- Date: April 25 – May 2
- Edition: 6th
- Category: Category 3
- Draw: 32S / 16D
- Prize money: $150,000
- Surface: Hard / outdoor
- Location: Atlanta, Georgia, U.S.

Champions

Singles
- Pam Shriver

Doubles
- Alycia Moulton / Sharon Walsh
| WTA Atlanta |

= 1983 Virginia Slims of Atlanta =

The 1983 Virginia Slims of Atlanta was a women's tennis tournament played on outdoor hard courts in Atlanta, Georgia in the United States that was part of the 1983 Virginia Slims World Championship Series.
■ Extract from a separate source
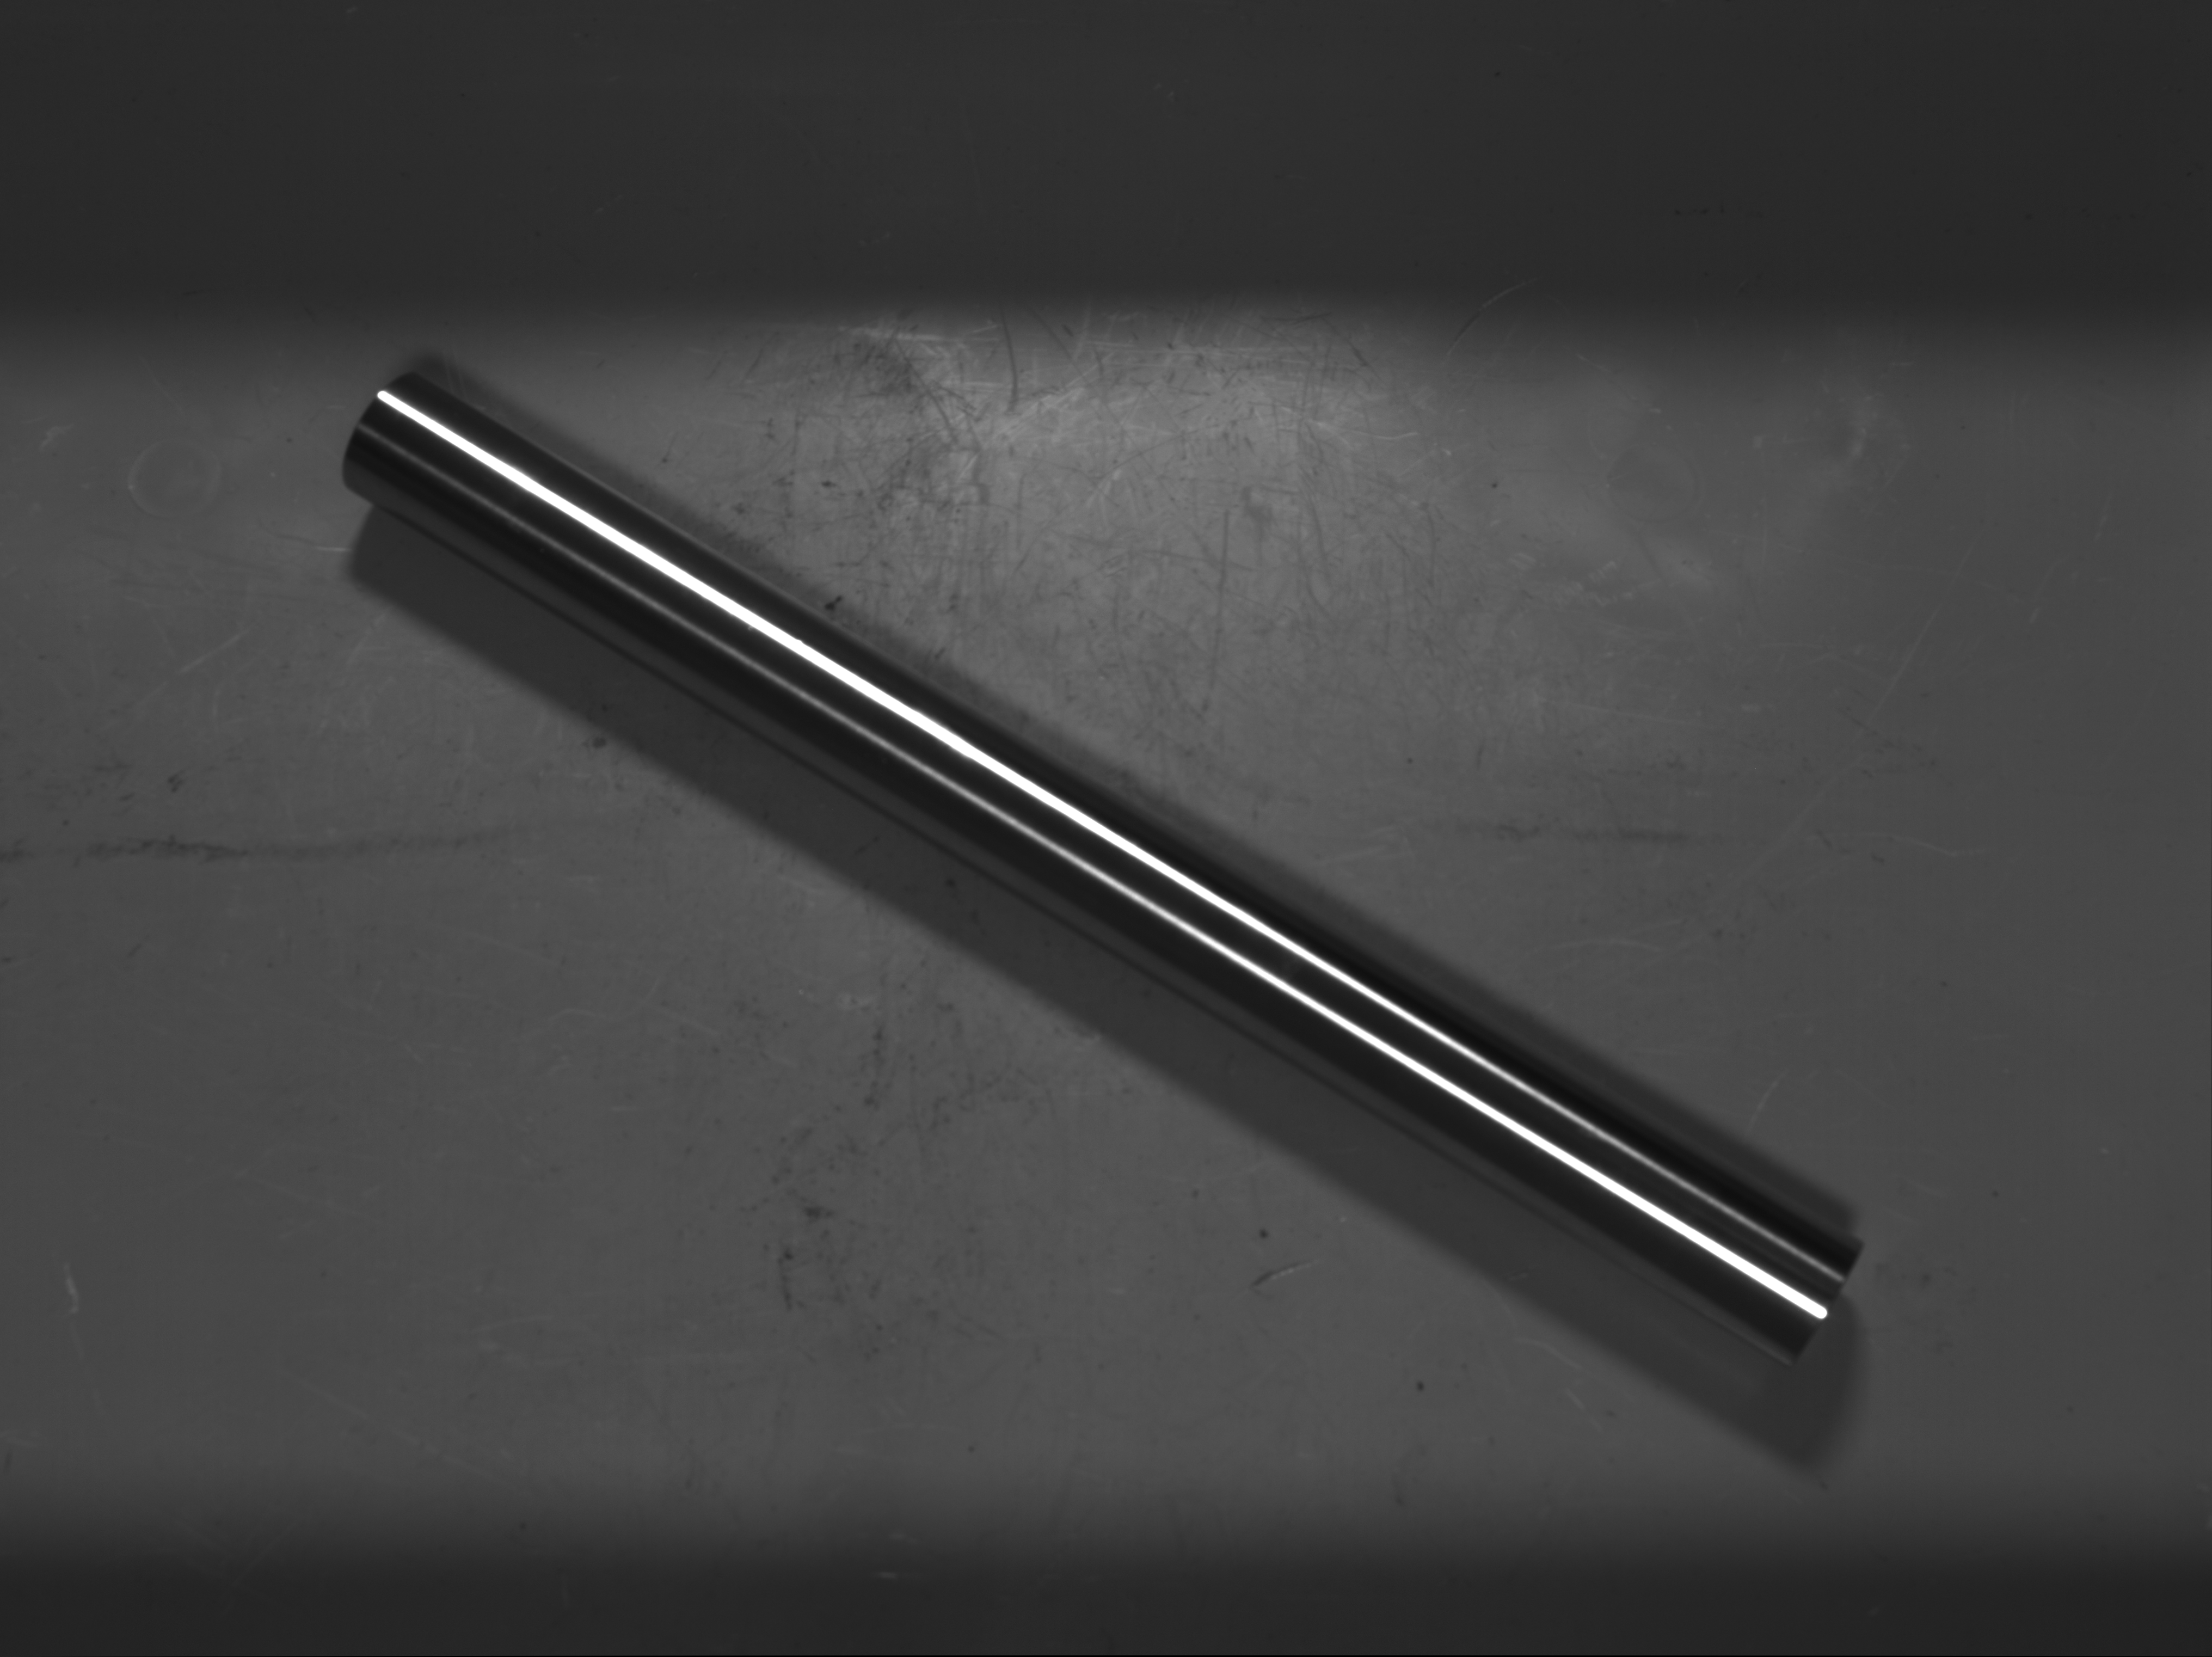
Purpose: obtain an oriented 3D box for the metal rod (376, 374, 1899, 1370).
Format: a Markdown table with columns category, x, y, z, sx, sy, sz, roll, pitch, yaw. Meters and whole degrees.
| category | x | y | z | sx | sy | sz | roll | pitch | yaw |
| --- | --- | --- | --- | --- | --- | --- | --- | --- | --- |
| metal rod | 0.000 | 0.004 | 0.641 | 0.300 | 0.025 | 0.025 | 31 | 73 | 11 |

The tournament was held from April 25 through May 2, 1983. Second-seeded Pam Shriver won the singles title.

==Finals==
===Singles===

USA Pam Shriver defeated USA Kathy Jordan 6–2, 6–0
- It was Shriver's 1st singles title of the year and the 4th of her career.

===Doubles===

USA Alycia Moulton / USA Sharon Walsh defeated USA Rosemary Casals / AUS Wendy Turnbull 6–3, 7–6
- It was Moulton's 2nd title of the year and the 3rd of her career. It was Walsh's 3rd title of the year and the 14th of her career.